Dominic West: A Time of Gifts, by Patrick Leigh Fermor
Dominic West, the celebrated television, film and stage actor, recommends A Time of Gifts by Patrick Leigh Fermor. In 2010 he starred in the title role in Simon Gray’s award-winning classic comedy, Butley, at the Duchess Theatre in London’s West End.
“When Patrick Leigh Fermor died three weeks ago I felt a particular twinge of regret and sadness which was in part a nostalgia for his youth and mine. When I was 17, my history teacher had recommended A Time of Gifts as a book that epitomised “all that’s great about being 17”. It charts PLF’s walking at that age along the Rhine and the Danube from the Hook of Holland to ‘Constantinople’ in the 1930s. It’s a wonderful, romantic odyssey, rose-tinted by forty years of hindsight (he wrote it in 1977) and the sense of Old Europe in its last days before cataclysm.

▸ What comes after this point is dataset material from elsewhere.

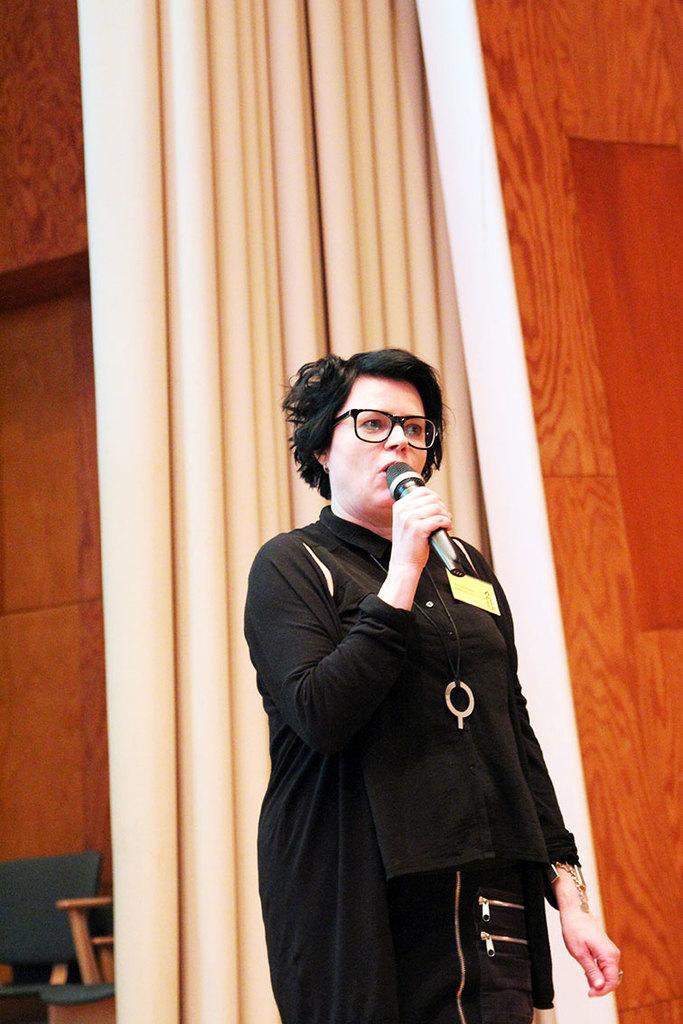Please provide a concise description of this image. The woman in the middle of the picture wearing a black dress is holding a microphone in his hand and she is talking on the microphone. Behind her, we see a curtain and a wall in brown color. In the left bottom of the picture, we see the empty chairs. 
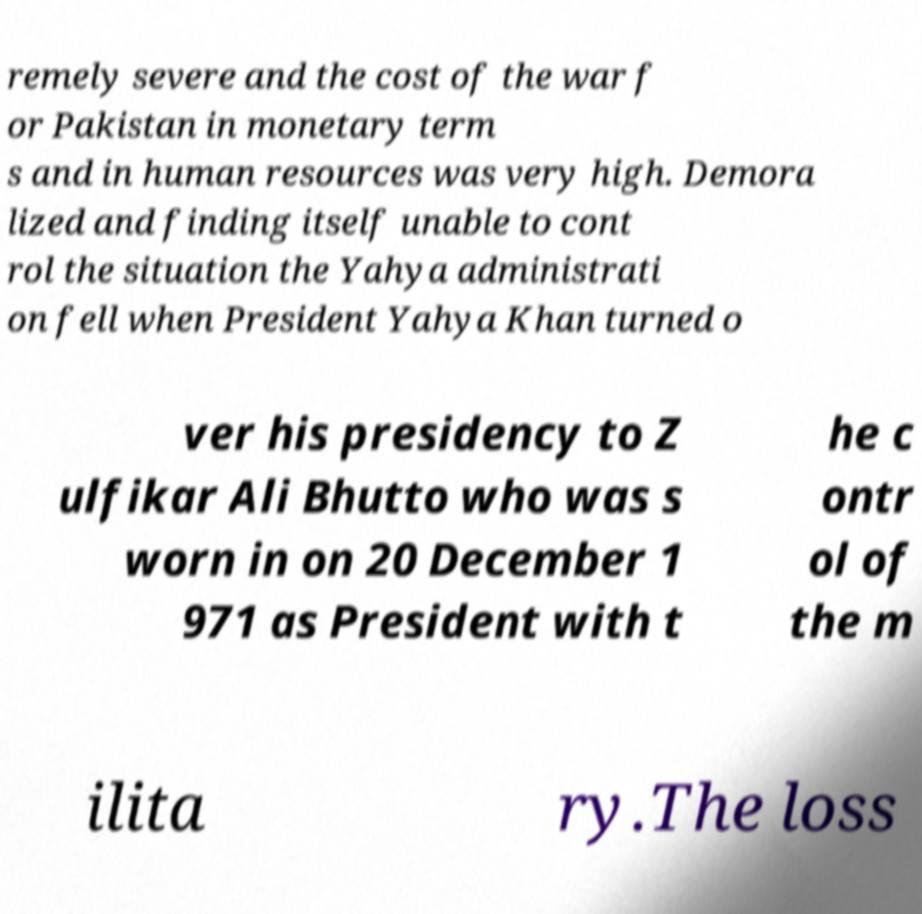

I was so captivated by the book that when the Berlin Wall came down a couple of years later and eastern Europe again opened up to the West, I set off in his footsteps “like a tramp, a pilgrim.. an errant scholar”. Our experiences could not have been more different. He walked or rode a horse; I hitch-hiked Trabants. He’d sleep in hayricks or find refuge with Carpathian Countesses in antlered halls; I was in my tent or the occasional tower block. The contrast became hilarious but the thrill of being young, broke and at the mercy of strangers was the same.
He wrote a second, equally wonderful instalment Between the Woods and the Water in 1986, which ends in Romania. The third volume never came but A Time of Gifts remains his glorious, romantic celebration of youth.” [The third volume, The Broken Road, was published posthumously in 2013. ed.]
At the age of eighteen, Patrick Leigh Fermor set off from the heart of London on an epic journey—to walk to ‘Constantinople’. A Time of Gifts is the rich account of his adventures as far as Hungary. Acclaimed for its sweep and intelligence, Leigh Fermor’s book explores a remarkable moment in time. Hitler has just come to power but war is still ahead, as he walks through a Europe soon to be forever changed—through the Lowlands to Mitteleuropa, to Teutonic and Slav heartlands, through the baroque remains of the Holy Roman Empire; up the Rhine, and down to the Danube. At once a memoir of coming-of-age, an account of a journey, and a dazzling exposition of the English language, A Time of Gifts is also a portrait of a continent already showing ominous signs of the holocaust to come.